[SUPPLIED MATERIAL]:
◆ ◆ ◆

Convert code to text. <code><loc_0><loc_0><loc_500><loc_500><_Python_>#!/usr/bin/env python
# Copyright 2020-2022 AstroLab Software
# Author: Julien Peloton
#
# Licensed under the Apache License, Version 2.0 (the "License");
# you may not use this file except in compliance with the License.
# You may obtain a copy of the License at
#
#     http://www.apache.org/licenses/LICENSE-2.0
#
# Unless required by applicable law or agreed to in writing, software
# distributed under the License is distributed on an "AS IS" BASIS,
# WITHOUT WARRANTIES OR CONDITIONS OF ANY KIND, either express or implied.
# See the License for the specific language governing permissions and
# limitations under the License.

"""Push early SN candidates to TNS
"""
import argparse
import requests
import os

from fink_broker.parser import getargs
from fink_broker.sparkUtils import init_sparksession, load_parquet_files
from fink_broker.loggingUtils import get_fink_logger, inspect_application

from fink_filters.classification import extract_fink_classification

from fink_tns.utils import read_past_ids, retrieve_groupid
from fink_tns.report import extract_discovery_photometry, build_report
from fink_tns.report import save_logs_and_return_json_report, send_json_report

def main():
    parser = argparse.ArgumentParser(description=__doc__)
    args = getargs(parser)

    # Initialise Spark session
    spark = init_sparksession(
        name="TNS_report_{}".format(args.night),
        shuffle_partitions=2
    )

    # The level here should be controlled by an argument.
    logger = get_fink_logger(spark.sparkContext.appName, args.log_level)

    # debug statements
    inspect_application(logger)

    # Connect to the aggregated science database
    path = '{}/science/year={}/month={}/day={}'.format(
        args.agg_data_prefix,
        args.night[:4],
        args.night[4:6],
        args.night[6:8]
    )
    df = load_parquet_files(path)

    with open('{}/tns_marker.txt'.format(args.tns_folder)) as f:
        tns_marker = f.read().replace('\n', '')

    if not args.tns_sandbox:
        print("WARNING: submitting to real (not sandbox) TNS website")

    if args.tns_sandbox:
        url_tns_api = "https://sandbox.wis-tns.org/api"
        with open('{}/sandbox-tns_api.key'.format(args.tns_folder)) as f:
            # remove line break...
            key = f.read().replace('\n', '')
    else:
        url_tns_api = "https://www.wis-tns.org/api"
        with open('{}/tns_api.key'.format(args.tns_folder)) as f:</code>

◆ ◆ ◆

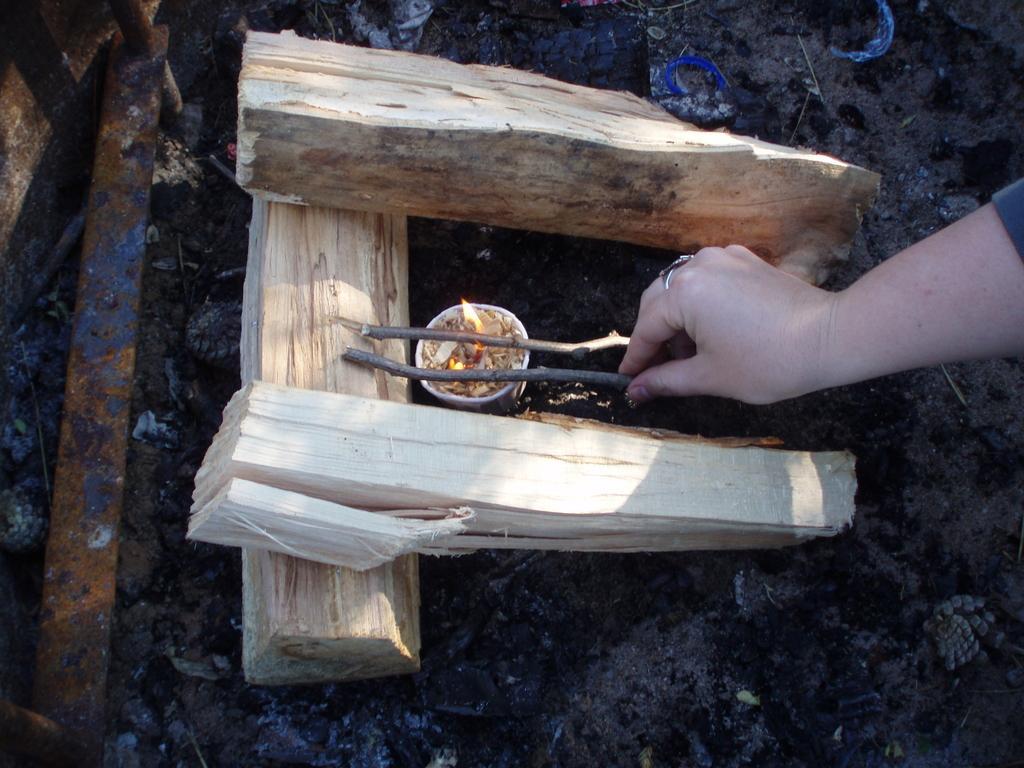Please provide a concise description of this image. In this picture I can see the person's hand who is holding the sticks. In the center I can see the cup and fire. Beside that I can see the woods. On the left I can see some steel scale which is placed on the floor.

◆ ◆ ◆

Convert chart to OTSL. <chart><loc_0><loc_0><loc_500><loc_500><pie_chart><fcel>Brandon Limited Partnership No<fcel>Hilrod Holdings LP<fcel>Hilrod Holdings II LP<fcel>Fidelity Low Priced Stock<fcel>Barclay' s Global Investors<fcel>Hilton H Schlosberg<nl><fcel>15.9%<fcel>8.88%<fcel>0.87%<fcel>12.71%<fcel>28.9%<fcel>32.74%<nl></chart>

◆ ◆ ◆

[WHAT NEEDS TO BE DONE]:
Using the records above, write out exactly the lines between the one holding "Convert code to" and the one holding "from fink_filters.classification import", inclusive; leave everything else out.

[RESPONSE TO THE TASK]:
Convert code to text. <code><loc_0><loc_0><loc_500><loc_500><_Python_>#!/usr/bin/env python
# Copyright 2020-2022 AstroLab Software
# Author: Julien Peloton
#
# Licensed under the Apache License, Version 2.0 (the "License");
# you may not use this file except in compliance with the License.
# You may obtain a copy of the License at
#
#     http://www.apache.org/licenses/LICENSE-2.0
#
# Unless required by applicable law or agreed to in writing, software
# distributed under the License is distributed on an "AS IS" BASIS,
# WITHOUT WARRANTIES OR CONDITIONS OF ANY KIND, either express or implied.
# See the License for the specific language governing permissions and
# limitations under the License.

"""Push early SN candidates to TNS
"""
import argparse
import requests
import os

from fink_broker.parser import getargs
from fink_broker.sparkUtils import init_sparksession, load_parquet_files
from fink_broker.loggingUtils import get_fink_logger, inspect_application

from fink_filters.classification import extract_fink_classification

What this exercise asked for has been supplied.